TASK DETAILS: Every line of the material must be copied exactly, from the first to the last.

RECORDED INFORMATION:
========================================

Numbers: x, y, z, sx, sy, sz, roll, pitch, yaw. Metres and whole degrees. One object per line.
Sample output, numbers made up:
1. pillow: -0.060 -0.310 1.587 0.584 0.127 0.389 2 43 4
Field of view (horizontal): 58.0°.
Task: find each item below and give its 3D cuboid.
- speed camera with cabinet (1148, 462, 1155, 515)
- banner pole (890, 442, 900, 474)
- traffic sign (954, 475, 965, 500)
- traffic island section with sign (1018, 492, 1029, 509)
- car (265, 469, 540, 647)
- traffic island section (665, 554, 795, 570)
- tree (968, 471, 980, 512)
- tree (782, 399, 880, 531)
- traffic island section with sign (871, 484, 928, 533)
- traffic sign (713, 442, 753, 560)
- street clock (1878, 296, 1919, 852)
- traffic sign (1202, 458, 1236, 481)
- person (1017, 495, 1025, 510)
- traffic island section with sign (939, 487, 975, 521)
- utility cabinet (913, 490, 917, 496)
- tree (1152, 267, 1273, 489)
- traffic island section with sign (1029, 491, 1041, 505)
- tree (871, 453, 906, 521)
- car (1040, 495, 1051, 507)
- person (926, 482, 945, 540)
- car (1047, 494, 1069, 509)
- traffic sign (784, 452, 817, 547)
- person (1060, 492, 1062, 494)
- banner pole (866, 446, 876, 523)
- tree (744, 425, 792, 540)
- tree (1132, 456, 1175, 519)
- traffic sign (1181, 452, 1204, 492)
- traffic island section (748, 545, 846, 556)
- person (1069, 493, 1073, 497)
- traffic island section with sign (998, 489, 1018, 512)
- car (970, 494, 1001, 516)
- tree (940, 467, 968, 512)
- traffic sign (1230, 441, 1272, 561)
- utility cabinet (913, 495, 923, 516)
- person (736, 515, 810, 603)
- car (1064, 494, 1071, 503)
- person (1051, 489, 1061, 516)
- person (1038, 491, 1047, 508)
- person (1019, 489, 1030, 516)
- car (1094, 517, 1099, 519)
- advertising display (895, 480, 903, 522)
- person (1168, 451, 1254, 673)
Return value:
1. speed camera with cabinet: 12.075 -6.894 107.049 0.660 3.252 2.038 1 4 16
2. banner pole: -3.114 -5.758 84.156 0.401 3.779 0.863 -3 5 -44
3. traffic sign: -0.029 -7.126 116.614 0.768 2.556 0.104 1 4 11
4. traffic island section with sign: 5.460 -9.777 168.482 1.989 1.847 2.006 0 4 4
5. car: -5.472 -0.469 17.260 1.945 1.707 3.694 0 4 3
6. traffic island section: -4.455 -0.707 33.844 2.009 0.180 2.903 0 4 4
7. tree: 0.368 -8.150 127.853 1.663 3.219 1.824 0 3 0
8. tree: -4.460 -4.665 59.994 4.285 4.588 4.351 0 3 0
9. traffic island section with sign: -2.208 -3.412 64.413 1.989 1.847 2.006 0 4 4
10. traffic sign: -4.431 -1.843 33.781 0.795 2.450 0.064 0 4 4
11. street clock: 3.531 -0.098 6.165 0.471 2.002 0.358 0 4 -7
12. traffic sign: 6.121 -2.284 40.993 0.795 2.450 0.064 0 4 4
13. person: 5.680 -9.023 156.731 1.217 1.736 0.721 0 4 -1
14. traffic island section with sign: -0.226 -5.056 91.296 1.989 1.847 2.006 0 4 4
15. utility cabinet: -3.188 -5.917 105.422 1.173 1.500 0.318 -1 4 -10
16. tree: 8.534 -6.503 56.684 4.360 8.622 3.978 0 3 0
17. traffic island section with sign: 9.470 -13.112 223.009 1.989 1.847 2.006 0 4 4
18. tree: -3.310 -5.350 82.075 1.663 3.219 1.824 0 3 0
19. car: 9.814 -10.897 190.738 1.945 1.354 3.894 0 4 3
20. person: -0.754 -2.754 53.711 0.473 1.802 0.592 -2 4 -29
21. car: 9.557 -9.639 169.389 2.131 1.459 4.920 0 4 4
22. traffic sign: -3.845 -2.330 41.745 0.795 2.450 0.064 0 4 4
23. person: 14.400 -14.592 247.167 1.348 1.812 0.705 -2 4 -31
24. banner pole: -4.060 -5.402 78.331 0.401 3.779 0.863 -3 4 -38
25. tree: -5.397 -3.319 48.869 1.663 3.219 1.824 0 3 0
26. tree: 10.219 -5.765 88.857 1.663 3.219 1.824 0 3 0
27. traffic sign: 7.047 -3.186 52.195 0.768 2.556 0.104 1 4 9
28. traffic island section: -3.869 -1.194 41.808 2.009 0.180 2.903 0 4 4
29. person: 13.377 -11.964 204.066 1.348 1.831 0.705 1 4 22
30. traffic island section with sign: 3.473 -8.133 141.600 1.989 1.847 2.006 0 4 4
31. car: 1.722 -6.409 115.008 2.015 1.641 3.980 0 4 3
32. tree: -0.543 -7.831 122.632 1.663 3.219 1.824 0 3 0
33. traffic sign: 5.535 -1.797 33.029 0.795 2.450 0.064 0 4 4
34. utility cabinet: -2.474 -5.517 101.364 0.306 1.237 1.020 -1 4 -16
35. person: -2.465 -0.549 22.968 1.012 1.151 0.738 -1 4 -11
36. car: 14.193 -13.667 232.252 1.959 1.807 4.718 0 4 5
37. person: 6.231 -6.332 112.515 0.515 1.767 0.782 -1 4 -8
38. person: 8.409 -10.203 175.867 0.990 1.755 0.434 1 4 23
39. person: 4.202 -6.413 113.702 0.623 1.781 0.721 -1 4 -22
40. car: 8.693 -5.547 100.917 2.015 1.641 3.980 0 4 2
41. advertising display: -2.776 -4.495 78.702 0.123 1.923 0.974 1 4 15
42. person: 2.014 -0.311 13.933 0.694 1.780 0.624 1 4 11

========================================

COMPLETED EXERCISE:
Numbers: x, y, z, sx, sy, sz, roll, pitch, yaw. Metres and whole degrees. One object per line.
Sample output, numbers made up:
1. pillow: -0.060 -0.310 1.587 0.584 0.127 0.389 2 43 4
Field of view (horizontal): 58.0°.
Task: find each item below and give its 3D cuboid.
- speed camera with cabinet (1148, 462, 1155, 515)
- banner pole (890, 442, 900, 474)
- traffic sign (954, 475, 965, 500)
- traffic island section with sign (1018, 492, 1029, 509)
- car (265, 469, 540, 647)
- traffic island section (665, 554, 795, 570)
- tree (968, 471, 980, 512)
- tree (782, 399, 880, 531)
- traffic island section with sign (871, 484, 928, 533)
- traffic sign (713, 442, 753, 560)
- street clock (1878, 296, 1919, 852)
- traffic sign (1202, 458, 1236, 481)
- person (1017, 495, 1025, 510)
- traffic island section with sign (939, 487, 975, 521)
- utility cabinet (913, 490, 917, 496)
- tree (1152, 267, 1273, 489)
- traffic island section with sign (1029, 491, 1041, 505)
- tree (871, 453, 906, 521)
- car (1040, 495, 1051, 507)
- person (926, 482, 945, 540)
- car (1047, 494, 1069, 509)
- traffic sign (784, 452, 817, 547)
- person (1060, 492, 1062, 494)
- banner pole (866, 446, 876, 523)
- tree (744, 425, 792, 540)
- tree (1132, 456, 1175, 519)
- traffic sign (1181, 452, 1204, 492)
- traffic island section (748, 545, 846, 556)
- person (1069, 493, 1073, 497)
- traffic island section with sign (998, 489, 1018, 512)
- car (970, 494, 1001, 516)
- tree (940, 467, 968, 512)
- traffic sign (1230, 441, 1272, 561)
- utility cabinet (913, 495, 923, 516)
- person (736, 515, 810, 603)
- car (1064, 494, 1071, 503)
- person (1051, 489, 1061, 516)
- person (1038, 491, 1047, 508)
- person (1019, 489, 1030, 516)
- car (1094, 517, 1099, 519)
- advertising display (895, 480, 903, 522)
- person (1168, 451, 1254, 673)
Return value:
1. speed camera with cabinet: 12.075 -6.894 107.049 0.660 3.252 2.038 1 4 16
2. banner pole: -3.114 -5.758 84.156 0.401 3.779 0.863 -3 5 -44
3. traffic sign: -0.029 -7.126 116.614 0.768 2.556 0.104 1 4 11
4. traffic island section with sign: 5.460 -9.777 168.482 1.989 1.847 2.006 0 4 4
5. car: -5.472 -0.469 17.260 1.945 1.707 3.694 0 4 3
6. traffic island section: -4.455 -0.707 33.844 2.009 0.180 2.903 0 4 4
7. tree: 0.368 -8.150 127.853 1.663 3.219 1.824 0 3 0
8. tree: -4.460 -4.665 59.994 4.285 4.588 4.351 0 3 0
9. traffic island section with sign: -2.208 -3.412 64.413 1.989 1.847 2.006 0 4 4
10. traffic sign: -4.431 -1.843 33.781 0.795 2.450 0.064 0 4 4
11. street clock: 3.531 -0.098 6.165 0.471 2.002 0.358 0 4 -7
12. traffic sign: 6.121 -2.284 40.993 0.795 2.450 0.064 0 4 4
13. person: 5.680 -9.023 156.731 1.217 1.736 0.721 0 4 -1
14. traffic island section with sign: -0.226 -5.056 91.296 1.989 1.847 2.006 0 4 4
15. utility cabinet: -3.188 -5.917 105.422 1.173 1.500 0.318 -1 4 -10
16. tree: 8.534 -6.503 56.684 4.360 8.622 3.978 0 3 0
17. traffic island section with sign: 9.470 -13.112 223.009 1.989 1.847 2.006 0 4 4
18. tree: -3.310 -5.350 82.075 1.663 3.219 1.824 0 3 0
19. car: 9.814 -10.897 190.738 1.945 1.354 3.894 0 4 3
20. person: -0.754 -2.754 53.711 0.473 1.802 0.592 -2 4 -29
21. car: 9.557 -9.639 169.389 2.131 1.459 4.920 0 4 4
22. traffic sign: -3.845 -2.330 41.745 0.795 2.450 0.064 0 4 4
23. person: 14.400 -14.592 247.167 1.348 1.812 0.705 -2 4 -31
24. banner pole: -4.060 -5.402 78.331 0.401 3.779 0.863 -3 4 -38
25. tree: -5.397 -3.319 48.869 1.663 3.219 1.824 0 3 0
26. tree: 10.219 -5.765 88.857 1.663 3.219 1.824 0 3 0
27. traffic sign: 7.047 -3.186 52.195 0.768 2.556 0.104 1 4 9
28. traffic island section: -3.869 -1.194 41.808 2.009 0.180 2.903 0 4 4
29. person: 13.377 -11.964 204.066 1.348 1.831 0.705 1 4 22
30. traffic island section with sign: 3.473 -8.133 141.600 1.989 1.847 2.006 0 4 4
31. car: 1.722 -6.409 115.008 2.015 1.641 3.980 0 4 3
32. tree: -0.543 -7.831 122.632 1.663 3.219 1.824 0 3 0
33. traffic sign: 5.535 -1.797 33.029 0.795 2.450 0.064 0 4 4
34. utility cabinet: -2.474 -5.517 101.364 0.306 1.237 1.020 -1 4 -16
35. person: -2.465 -0.549 22.968 1.012 1.151 0.738 -1 4 -11
36. car: 14.193 -13.667 232.252 1.959 1.807 4.718 0 4 5
37. person: 6.231 -6.332 112.515 0.515 1.767 0.782 -1 4 -8
38. person: 8.409 -10.203 175.867 0.990 1.755 0.434 1 4 23
39. person: 4.202 -6.413 113.702 0.623 1.781 0.721 -1 4 -22
40. car: 8.693 -5.547 100.917 2.015 1.641 3.980 0 4 2
41. advertising display: -2.776 -4.495 78.702 0.123 1.923 0.974 1 4 15
42. person: 2.014 -0.311 13.933 0.694 1.780 0.624 1 4 11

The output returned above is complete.